Microscopy to nanoscopy

The Nobel Prize-winning works of Eric Betzig, Stefan W. Hell and William E. Moerner fall under what has come to be called “super-resolution microscopy”, an umbrella term for a number of techniques that achieve sub-diffraction resolution. Theoretically, there is no limit to the resolution that their methods can achieve.

Published : Nov 12, 2014 12:30 IST

Eric Betzig.

Eric Betzig.

ACCORDING to a fundamental principle of optics, commonly known as the “diffraction limit”, two points of an object cannot be distinguished as separate if they are closer than about half the wavelength of the light being used to observe them. The visible range of the electromagnetic spectrum extends from a wavelength of 700 nanometres (a billionth of a metre, or 10 -9 m) at the red end to 400 nm at the blue end. Therefore, according to the principle, which is quantitatively described by two closely related equations called the Abbe criterion and the Rayleigh criterion, an optical microscope cannot yield a resolution better than about 0.2 micrometre (a millionth of a metre, or 10 -6 m) corresponding to the shortest wavelength in the visible range. While Ernst Abbe (1840-1905), a German physicist, formulated his criterion in 1873, Lord Rayleigh (1842-1919), a British physicist, wrote down his criterion in 1875. There is a small difference between the two criteria—not of any significance for practical applications—arising basically because of the slightly different definitions used by the two scientists in defining what it means to resolve two distinct objects.
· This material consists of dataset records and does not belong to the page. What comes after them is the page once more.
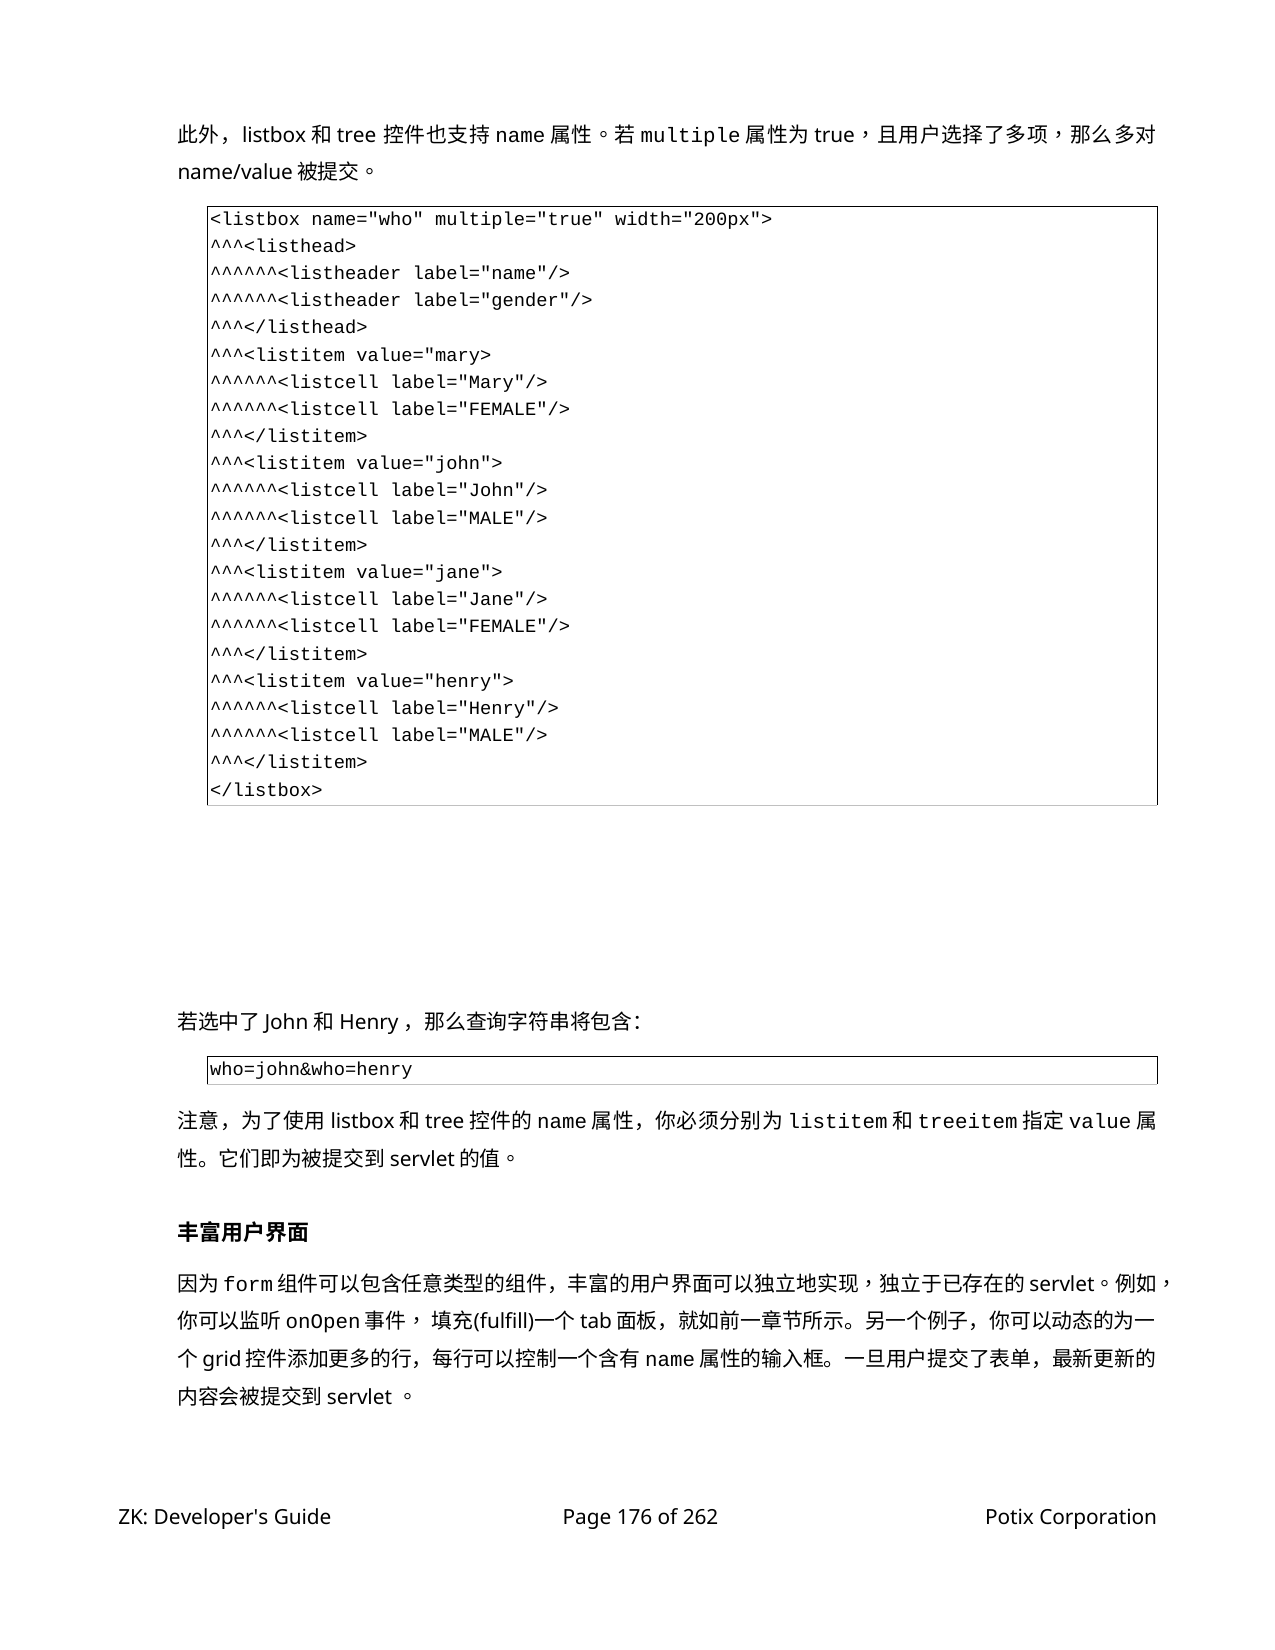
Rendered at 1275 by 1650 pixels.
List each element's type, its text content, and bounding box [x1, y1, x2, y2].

text 因为form组件可以包含任意类型的组件，丰富的用户界面可以独立地实现，独立于已存在的servlet。例如，你可以监听onOpen事件， 填充(fulfill)一个tab面板，就如前一章节所示。另一个例子，你可以动态的为一个grid控件添加更多的行，每行可以控制一个含有name属性的输入框。一旦用户提交了表单，最新更新的内容会被提交到servlet 。 [177, 1267, 1157, 1410]
text ^^^^^^<listcell label="Henry"/> [208, 696, 1157, 720]
text ^^^<listhead> [208, 234, 1157, 258]
text 若选中了John 和 Henry ，那么查询字符串将包含： [177, 1006, 1157, 1036]
text who=john&who=henry [208, 1057, 1157, 1084]
text ^^^</listitem> [208, 533, 1157, 557]
text ^^^^^^<listcell label="MALE"/> [208, 723, 1157, 747]
text ^^^<listitem value="henry"> [208, 669, 1157, 693]
text ^^^^^^<listcell label="John"/> [208, 478, 1157, 503]
subtitle 丰富用户界面 [177, 1214, 1157, 1246]
text ^^^^^^<listcell label="FEMALE"/> [208, 397, 1157, 421]
text ^^^^^^<listcell label="Jane"/> [208, 587, 1157, 611]
text ^^^^^^<listheader label="name"/> [208, 261, 1157, 285]
text <listbox name="who" multiple="true" width="200px"> [208, 207, 1157, 231]
text ^^^</listitem> [208, 641, 1157, 666]
text ^^^^^^<listheader label="gender"/> [208, 288, 1157, 312]
text 注意，为了使用listbox和tree控件的name属性，你必须分别为listitem和treeitem指定value属性。它们即为被提交到 servlet的值。 [177, 1104, 1157, 1172]
text ^^^</listhead> [208, 315, 1157, 339]
text ^^^^^^<listcell label="Mary"/> [208, 369, 1157, 394]
text ^^^</listitem> [208, 750, 1157, 774]
text 此外，listbox和tree 控件也支持name属性。若multiple属性为true，且用户选择了多项，那么多对name/value被提交。 [177, 118, 1157, 186]
text ^^^<listitem value="mary> [208, 342, 1157, 367]
text ^^^</listitem> [208, 424, 1157, 448]
text ^^^^^^<listcell label="MALE"/> [208, 506, 1157, 530]
text ^^^<listitem value="john"> [208, 451, 1157, 475]
text ^^^^^^<listcell label="FEMALE"/> [208, 614, 1157, 638]
text ^^^<listitem value="jane"> [208, 560, 1157, 584]
text </listbox> [208, 777, 1157, 805]
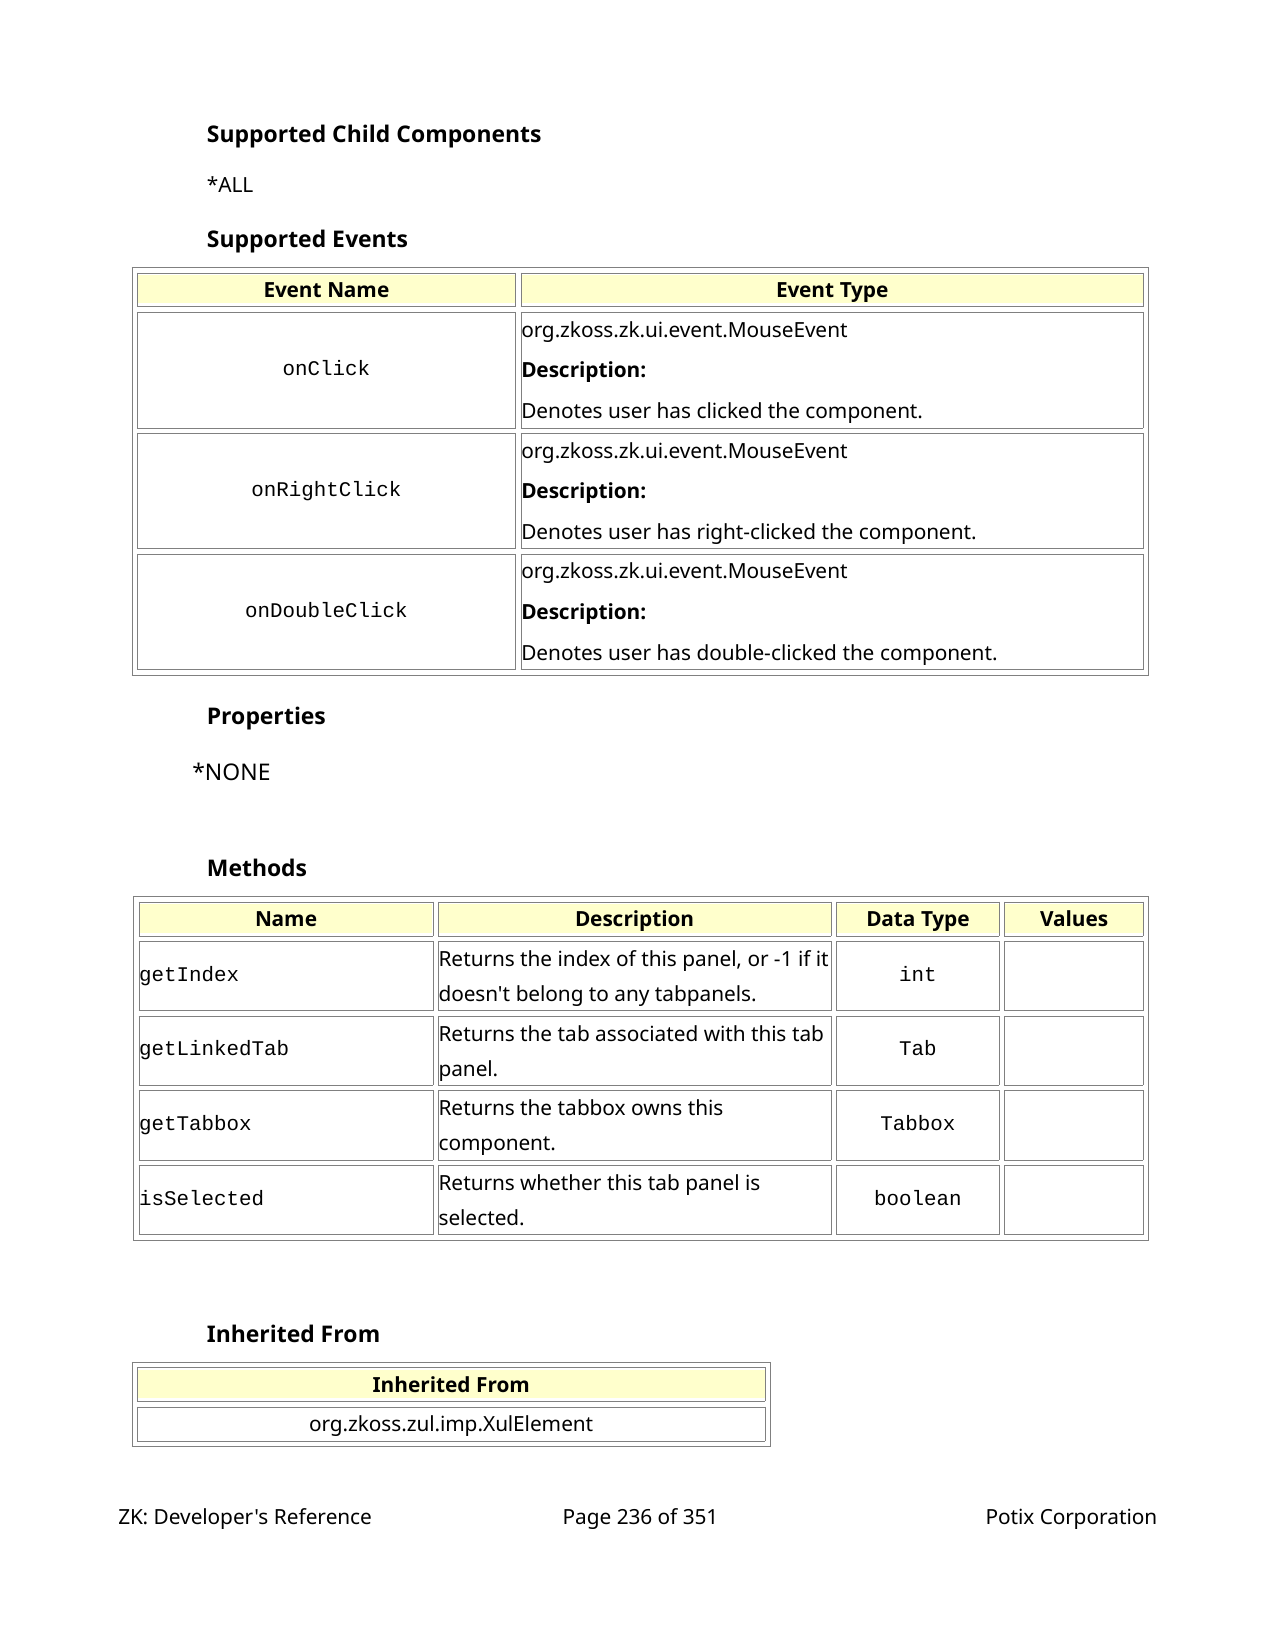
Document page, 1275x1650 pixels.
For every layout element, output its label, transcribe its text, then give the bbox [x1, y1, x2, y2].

table_cell int [834, 936, 1002, 1010]
table_cell Returns the index of this panel, or -1 if it doesn't belong to any tabpanels. [435, 936, 833, 1010]
table_cell getIndex [136, 936, 435, 1010]
text *NONE [118, 756, 1157, 787]
table_cell org.zkoss.zk.ui.event.MouseEvent Description: Denotes user has right-clicked the component. [518, 428, 1146, 548]
table_cell Tabbox [834, 1085, 1002, 1160]
table_header Data Type [834, 897, 1002, 936]
table_cell [1005, 1166, 1143, 1234]
subtitle Supported Child Components [207, 118, 1157, 149]
subtitle Inherited From [207, 1318, 1157, 1349]
table_cell getTabbox [136, 1085, 435, 1160]
table_header Event Type [518, 268, 1146, 306]
table_header Inherited From [134, 1363, 768, 1401]
table_cell org.zkoss.zk.ui.event.MouseEvent Description: Denotes user has double-clicked the component. [518, 548, 1146, 669]
subtitle Methods [207, 852, 1157, 884]
table_header Values [1002, 897, 1146, 936]
table_cell onClick [134, 306, 518, 427]
table_cell org.zkoss.zul.imp.XulElement [134, 1401, 768, 1441]
subtitle Properties [207, 700, 1157, 731]
table_header Description [435, 897, 833, 936]
table_cell [1002, 936, 1146, 1010]
text *ALL [207, 170, 1157, 198]
table_cell [1005, 942, 1143, 1010]
table_cell boolean [834, 1160, 1002, 1234]
table_cell [1005, 1017, 1143, 1085]
table_cell org.zkoss.zk.ui.event.MouseEvent Description: Denotes user has clicked the component. [518, 306, 1146, 427]
table_cell Tab [834, 1010, 1002, 1085]
table_cell Returns whether this tab panel is selected. [435, 1160, 833, 1234]
table_cell getLinkedTab [136, 1010, 435, 1085]
table_cell Returns the tabbox owns this component. [435, 1085, 833, 1160]
table_cell onRightClick [134, 428, 518, 548]
table_cell [1002, 1160, 1146, 1234]
table_cell [1005, 1091, 1143, 1160]
table_header Event Name [134, 268, 518, 306]
table_header Name [136, 897, 435, 936]
table_cell onDoubleClick [134, 548, 518, 669]
table_cell [1002, 1010, 1146, 1085]
table_cell isSelected [136, 1160, 435, 1234]
table_cell [1002, 1085, 1146, 1160]
subtitle Supported Events [207, 223, 1157, 254]
table_cell Returns the tab associated with this tab panel. [435, 1010, 833, 1085]
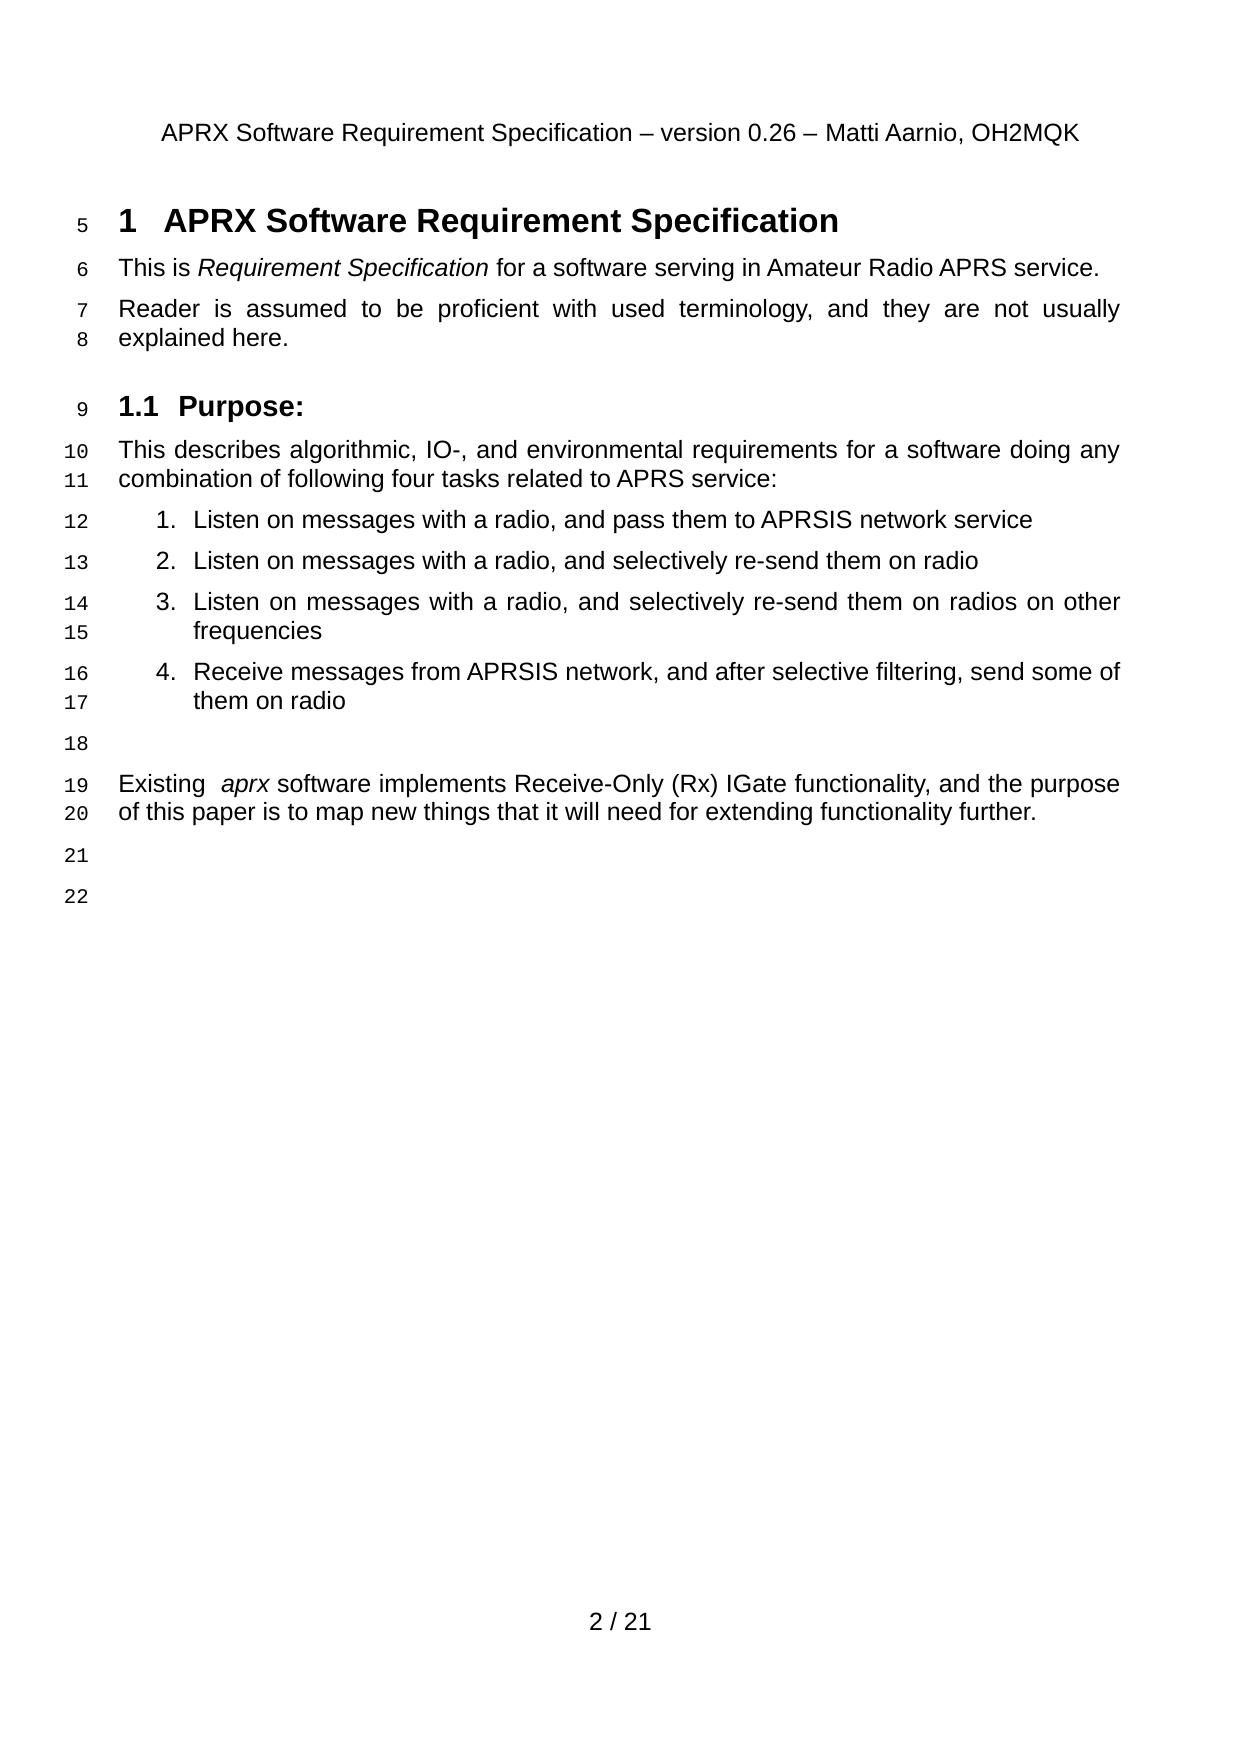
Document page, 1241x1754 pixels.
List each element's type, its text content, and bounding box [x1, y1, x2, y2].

subtitle APRX Software Requirement Specification [118, 201, 1122, 240]
list Listen on messages with a radio, and pass them to APRSIS network service [156, 505, 1122, 533]
list Listen on messages with a radio, and selectively re-send them on radio [156, 546, 1122, 575]
text Reader is assumed to be proficient with used terminology, and they are not usually explained here. [118, 294, 1122, 351]
text This describes algorithmic, IO-, and environmental requirements for a software doing any combination of following four tasks related to APRS service: [118, 435, 1122, 492]
list Receive messages from APRSIS network, and after selective filtering, send some of them on radio [156, 657, 1122, 715]
list Listen on messages with a radio, and selectively re-send them on radios on other frequencies [156, 587, 1122, 645]
text This is Requirement Specification for a software serving in Amateur Radio APRS service. [118, 252, 1122, 281]
text Existing aprx software implements Receive-Only (Rx) IGate functionality, and the purpose of this paper is to map new things that it will need for extending functionality further. [118, 768, 1122, 826]
subtitle Purpose: [118, 389, 1122, 422]

For nearly the whole of the 20th century, it was believed that optical microscopy could not do any better because of this theoretical limit on the maximum resolution of 0.2 micrometre that was attainable (Figure 1). So, while the contours of some of a cells’ organelles, such as mitochondria, could be discerned, it was not possible to discern smaller objects such as interactions between individual protein molecules in the cells. If one has to fully understand how a cell functions, one should be able to see how each molecule in the cell behaves.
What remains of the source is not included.